The cognitive apprenticeship model encapsulated the significance of the students’ ability to learn a skill with the help of their educator [45]. Most of the studies found blended learning to be a supportive environment to encourage apprenticeship through a strategy of effective modelling and continuous feedback [17,32,35,39,56–60]. More successful students demonstrated an evolving interactive-transactive stance with their instructor, which actively strengthened their SRL skills, encouraged their participation and enhanced their professional identity development [56–58]. The processing of knowledge in fast-paced environments promoted students to foster regulation strategies and to actively adopt new skills best suited to that setting. It was evident that students’ cognitive and metacognitive skills prospered in blended learning environments whether on campus or remotely.

The Full Analysis of the 44 Articles Is Available in the Supplementary Materials (Table S1) [17].

Discussion

The rapid evolution of technology has led to innovative pedagogical approaches changing the landscape of medical education. Students are now required to acquire skills from beyond traditional settings, to be successful in the more prevalent blended learning environment. On initial examination, there was limited evidence in the literature for how self-regulation can be adapted in a Blended Learning environment. This limitation of the literature informed the basis of our systematic scoping review. In this study, we aimed to analytically review the current perspectives in the literature regarding how medical students control their learning in a blended learning setting to effectively promote self-regulation of learning. We also aimed to explore and identify strategies and learning behaviours that have been shown to be effective in supporting medical students’ learning needs in a blended setting.

Blended Learning creates a medium for developing SRL skills and can be highly beneficial in preparing medical students for their continuing education after graduation [30,55]. Blended learning can be quite effective if it encompasses structures that are purposely crafted to create an environment for active participation and interaction of learners. Scaffolding of instructional guidance throughout the activity has been shown to support effective interaction within the learning process [45,56]. Studies of flexibility in adaptive scaffolding encourage customised student support until the student can independently adopt the learning process [23,61]. In a blended environment, peer learning, and help-seeking behaviours can provide external structure and guidance, varying from goal setting, strategising, planning and the development of metacognition. This will in turn accommodate students to eventually adapt to the cyclical process of SRL. However, if students are left unguided, studies have illustrated the possibility for learning to decline, emphasising the impact of direct guidance and its correlation with an increase in determination, dedication and value of accomplishing an activity [62,63].

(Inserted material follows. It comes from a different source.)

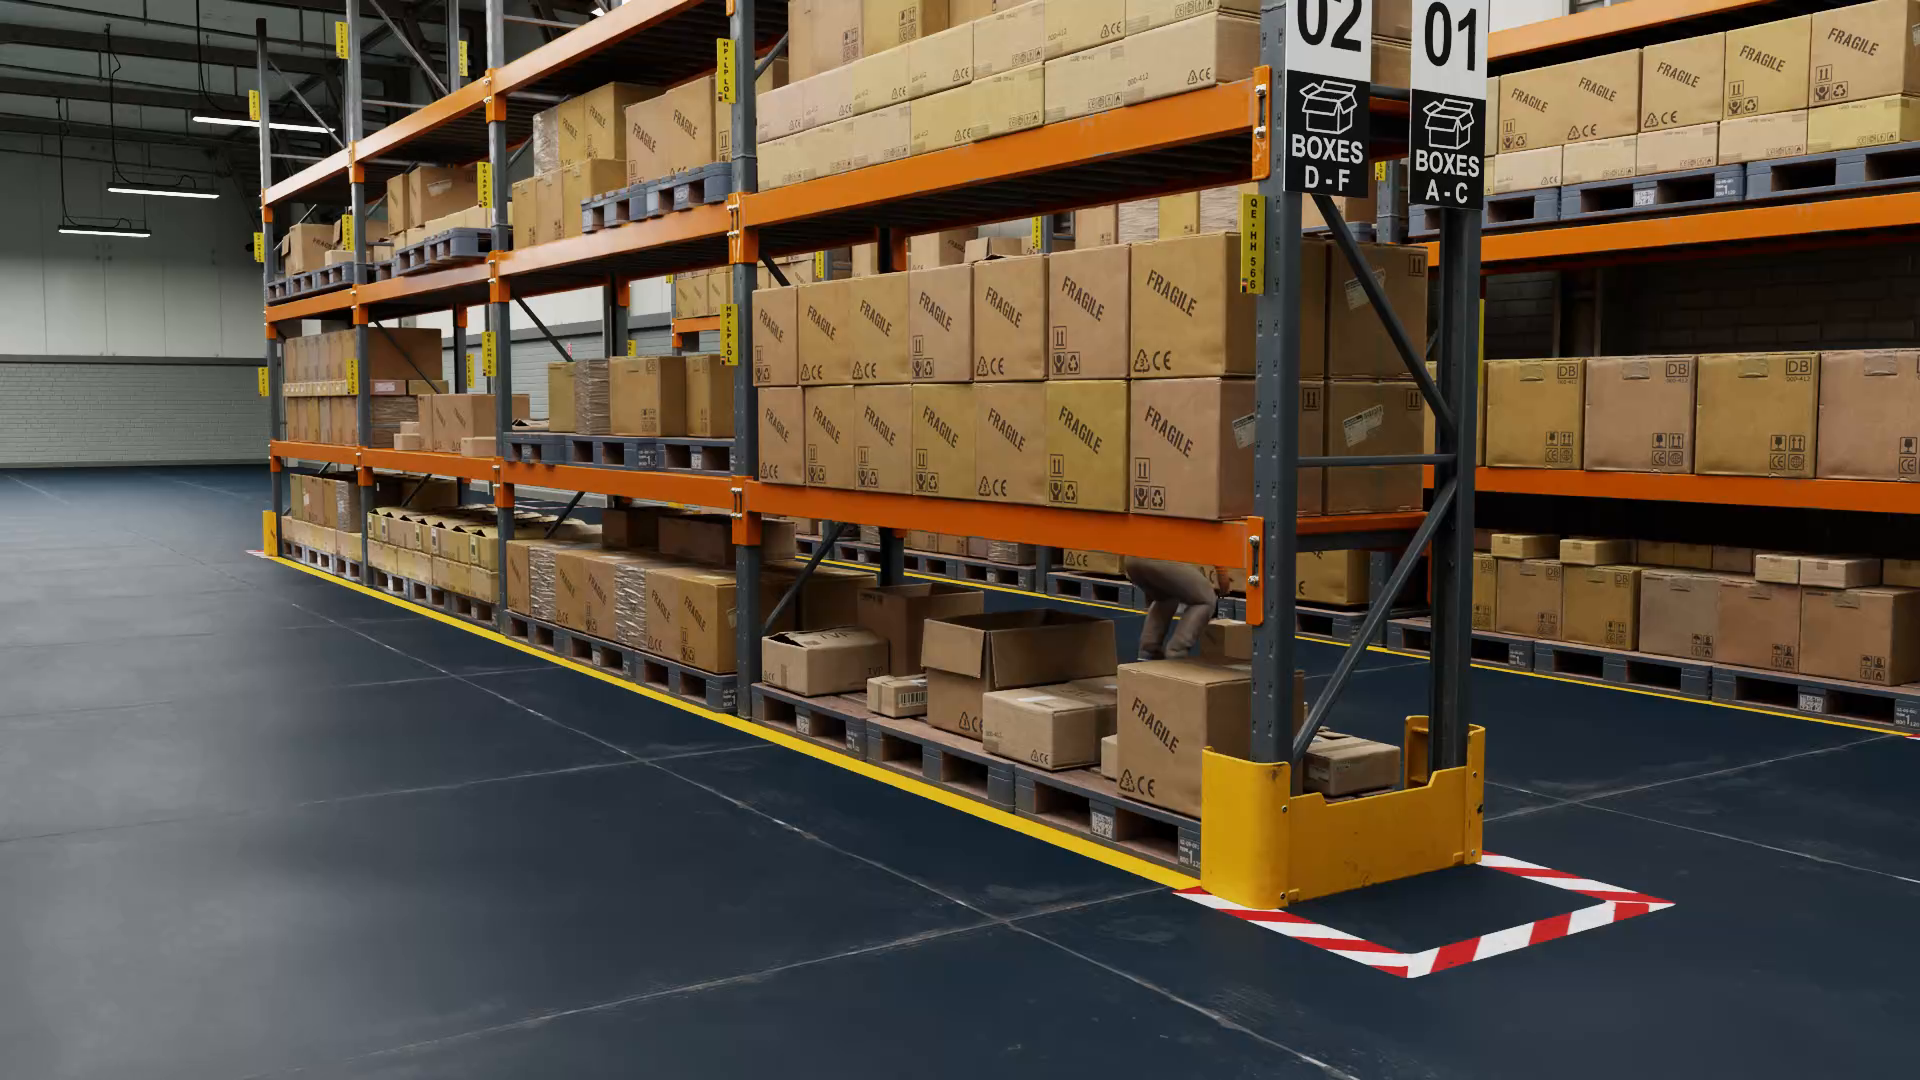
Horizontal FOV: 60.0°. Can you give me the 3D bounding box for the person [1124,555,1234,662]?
[{"bbox_3d":[1.413,0.152,10.946,0.741,1.349,0.590,-3,6,-34],"label":"person"}]

It has been shown that a positive correlation exists between SRL and academic performance, conveying that this deep learning approach encourages learners to make sense of their studies in an active manner by using their metacognitive capabilities to self-regulate their learning [27,40]. These SRL skills are also needed for effective future clinical practice, including ongoing professional development, strategies to keep up-to-date with new medical information, and source selection especially when referring to new medical research [64]. Studies have reported that goal setting initiates the process of self-regulation and, consequently, results in higher performance for the activity at hand [64,65]. This skill is further refined through the application of tiered feedback at different stages of the process. Other studies have also acknowledged the importance of having educators trained in the application of SRL skills in a positive manner to further the academic performance of learners [66,67]. However, regardless of these developments, the evaluative measures for SRL of students in blended learning environments remains limited [68]. Furthermore, most of the SRL measures were developed for traditional settings that are still used in an online environment, finding a substantial need to develop an evaluative measure that is specific for the current and/or advancing educational settings [69].

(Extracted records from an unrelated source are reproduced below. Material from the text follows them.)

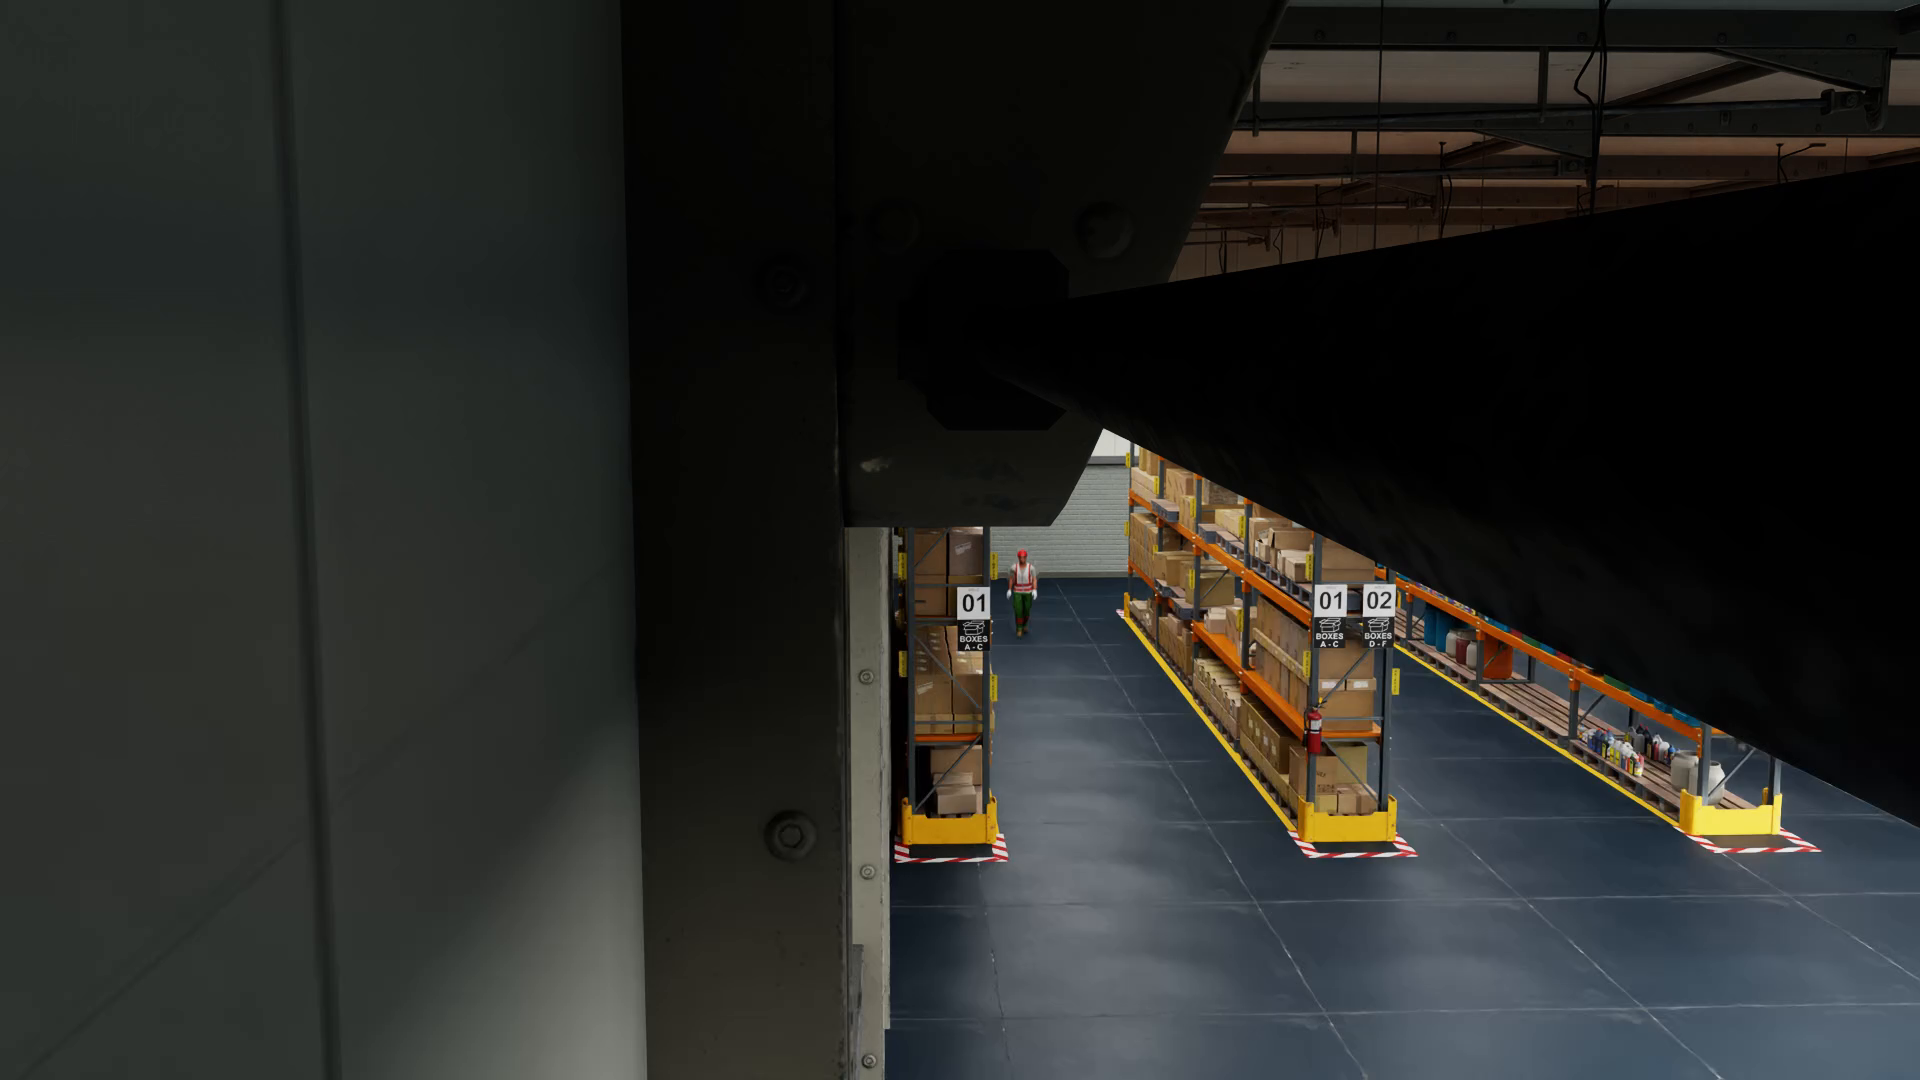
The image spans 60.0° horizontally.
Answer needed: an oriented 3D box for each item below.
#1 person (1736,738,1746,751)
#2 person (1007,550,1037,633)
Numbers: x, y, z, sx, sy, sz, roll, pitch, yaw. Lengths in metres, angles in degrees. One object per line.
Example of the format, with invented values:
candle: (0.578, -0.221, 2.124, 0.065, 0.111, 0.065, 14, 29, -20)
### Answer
person: (11.791, 2.260, 25.110, 0.602, 1.757, 0.751, 2, 7, 12)
person: (7.890, -0.712, 31.592, 13.757, 5.820, 5.812, 0, 7, -1)
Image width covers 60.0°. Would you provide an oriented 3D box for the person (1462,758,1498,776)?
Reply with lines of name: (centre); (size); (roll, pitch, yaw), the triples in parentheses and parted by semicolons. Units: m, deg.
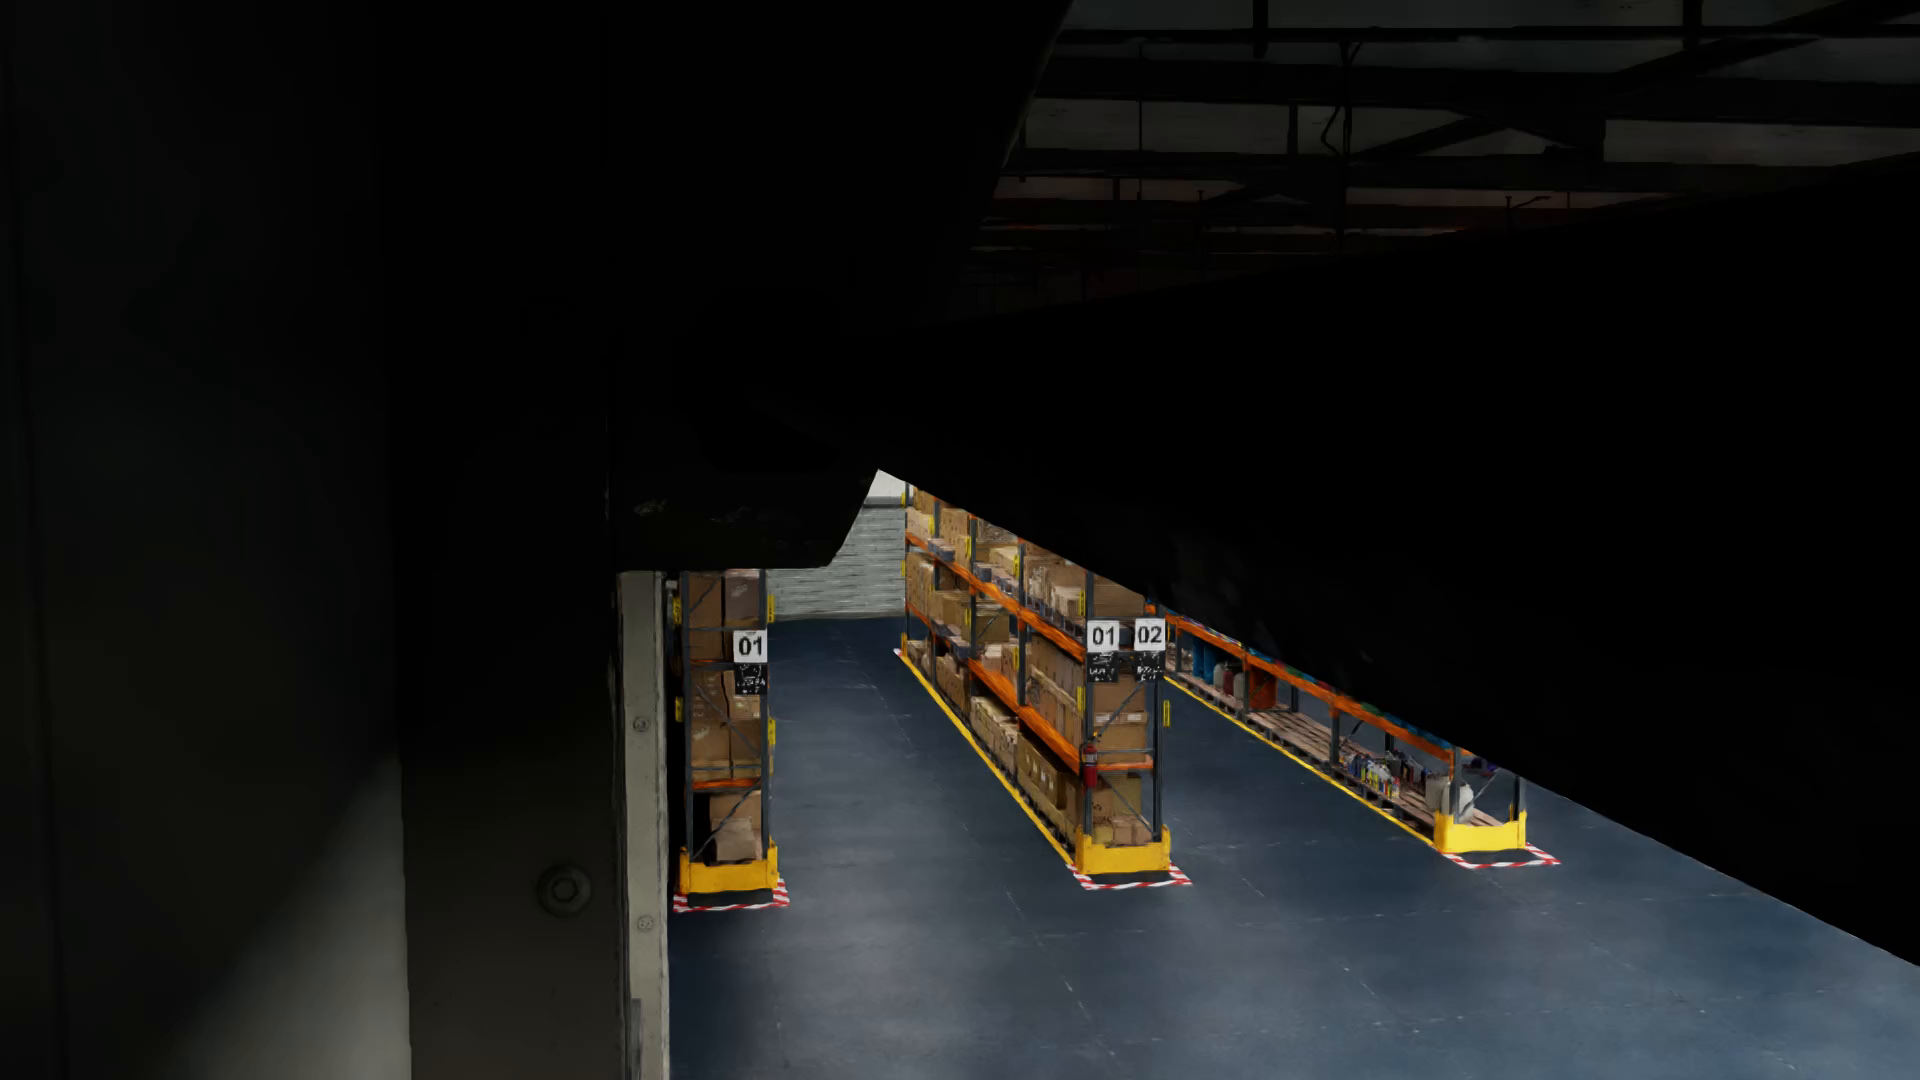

Students conveyed that the blended classroom approach helped them to engage with content, promoted in-class participation and sustained motivation and autonomy. It was reported that medical students’ intrinsic motivation and autonomy, which are essential components of SRL, were facilitated by the BL environment, especially when clear student learning outcomes were incorporated into the learning activity [25,33]. Intrinsically motivated students inherit the belief of learning as challenging and rewarding at the same time. Studies have supported this finding by demonstrating that learners take initiative for their learning as they set the goals and evaluate the value of tasks to strategies [40,46].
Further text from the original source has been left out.